As an example, we can apply our model to a day of weather from the training dataset. We observe that the model output has two values, corresponding with our two possible outcomes: dry or rainy. These results will not be accurate because we have not yet trained our model.

In [13]:
example = model(feature_train[88].reshape(1,14))



To change all layers to have dtype float64 by default, call `tf.keras.backend.set_floatx('float64')`. To change just this layer, pass dtype='float64' to the layer constructor. If you are the author of this layer, you can disable autocasting by passing autocast=False to the base Layer constructor.



In [14]:
example.shape

TensorShape([1, 2])

In [15]:
example

<tf.Tensor: id=57, shape=(1, 2), dtype=float64, numpy=array([[0.59816531, 0.41840464]])>

## Train the Model

Next, we train the model on our training set.

In [16]:
EPOCHS = 30

In [17]:
history = model.fit(feature_train, target_train, epochs=EPOCHS)

Train on 6994 samples
Epoch 1/30
Epoch 2/30
Epoch 3/30
Epoch 4/30
Epoch 5/30
Epoch 6/30
Epoch 7/30
Epoch 8/30
Epoch 9/30
Epoch 10/30
Epoch 11/30
Epoch 12/30
Epoch 13/30
Epoch 14/30
Epoch 15/30
Epoch 16/30
Epoch 17/30
Epoch 18/30
Epoch 19/30
Epoch 20/30
Epoch 21/30
Epoch 22/30
Epoch 23/30
Epoch 24/30
Epoch 25/30
Epoch 26/30
Epoch 27/30
Epoch 28/30
Epoch 29/30
Epoch 30/30


In [18]:
model.summary()

Model: "sequential"
_________________________________________________________________
Layer (type)                 Output Shape              Param #   
dense (Dense)                multiple                  960       
_________________________________________________________________
dropout (Dropout)            multiple                  0         
_________________________________________________________________
dense_1 (Dense)              multiple                  130       
Total params: 1,090
Trainable params: 1,090
Non-trainable params: 0
_________________________________________________________________


## Predict for an Example Day

Now that the model is trained, we can predict whether it will rain tomorrow for any day in the dataset.

In [19]:
pred = model.predict(feature_test[88].reshape(1,14))
print(sum(sum(pred)))
print(pred.argmax())

1.588809437302793
0


## Evaluate on Test Set

Finally, we can evaluate the performance of our model on the test set.

In [20]:
model.evaluate(feature_test, target_test, verbose=2)
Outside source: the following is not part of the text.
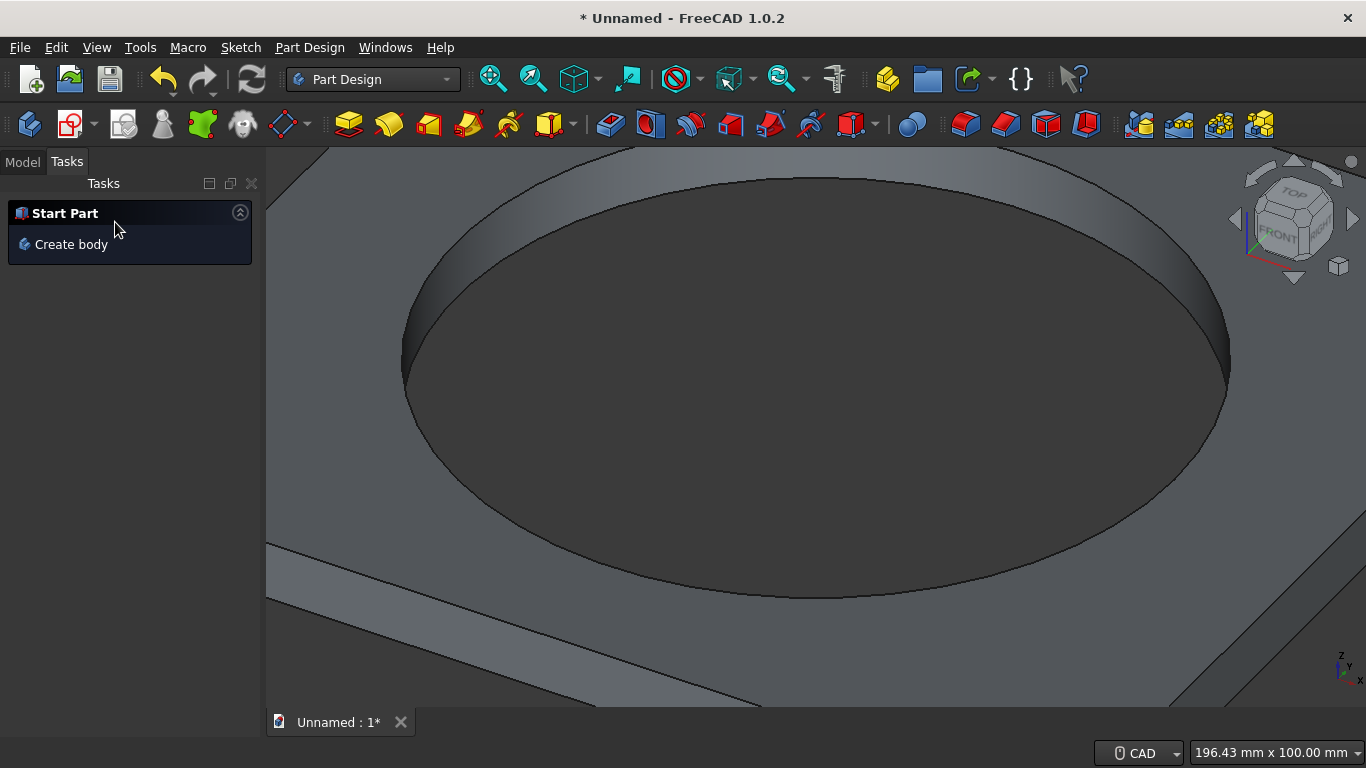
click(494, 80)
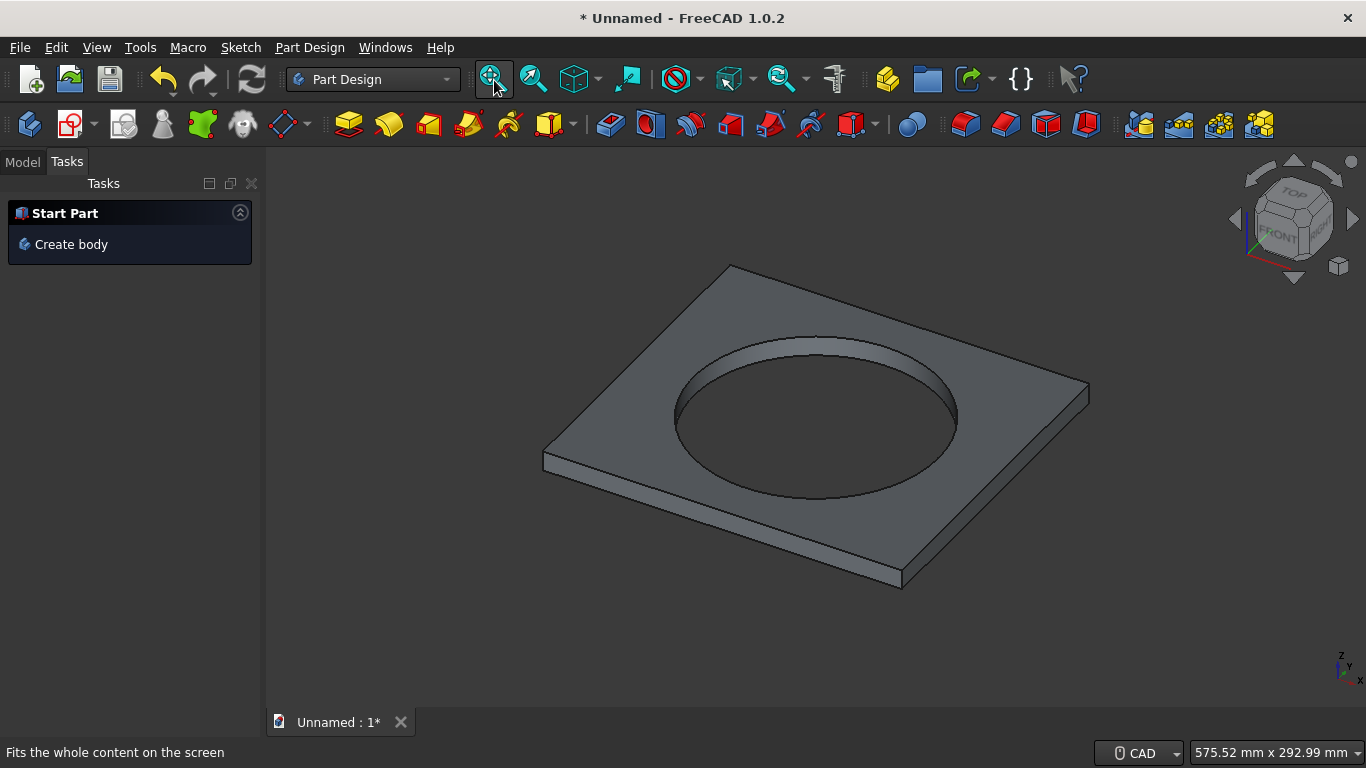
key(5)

776/1 - 0s - loss: 0.7206 - accuracy: 0.6392


[0.6544783852764011, 0.63917524]

We obtain a somewhat inaccurate accuracy of 64%. This is to be expected, since the weather can change rapidly in 24 hours. Additionally, this model has very little sense of movement through time, so it cannot learn general weather trends outside a 24-hour period. Below, we explore using a recurrent neural network harness the sequential nature of our weather datain our modeling.

# Part 2: Last Week's Rain -> This Week's Rain

Our second neural network takes the pattern of rain over the past week and predicts whether it will rain the following day. This neural network is a recurrent neural network (RNN) because we can run this model iteratively, reusing our predictions as inputs, to generate rain predictions for the entire next week of weather.

## Create Features and Targets

For this neural network, we will only use the `RAIN` column of our weather data, which indicates whether or not it rained on a particular day.

The following code prepares weeks of data on which to train our RNN.

In [21]:
# extract rain column
rain = weather_pd[['RAIN']].to_numpy().reshape(-1)
rain.shape

(7772,)

In [22]:
# week length
seq_length = 7
examples_per_epoch = len(rain)//(seq_length+1)

# convert to tf
rain_tf = tf.data.Dataset.from_tensor_slices(rain)

# example data
for i in rain_tf.take(5):
  print(i.numpy())

0
0
0
0
1


In [23]:
# turn individual days into week sequences
weeks = rain_tf.batch(seq_length+1, drop_remainder=True)

for day in weeks.take(5):
  print(day.numpy())

[0 0 0 0 1 0 1 1]
[1 1 1 0 0 0 0 0]
[0 1 1 1 0 0 1 1]
[1 1 0 0 0 1 1 0]
[0 0 0 0 0 0 0 0]


In [24]:
# input week is days 0-6, target week is days 1-7
def split_input_target(week):
    '''duplicate and shift weeks to form input and target days'''
    input_days = week[:-1]
    target_days = week[1:]
    return input_days, target_days

dataset = weeks.map(split_input_target)

In [25]:
# view example inputs and targets
for input_example, target_example in  dataset.take(3):
    print ('Input data: ', input_example.numpy())
    print ('Target data:', target_example.numpy())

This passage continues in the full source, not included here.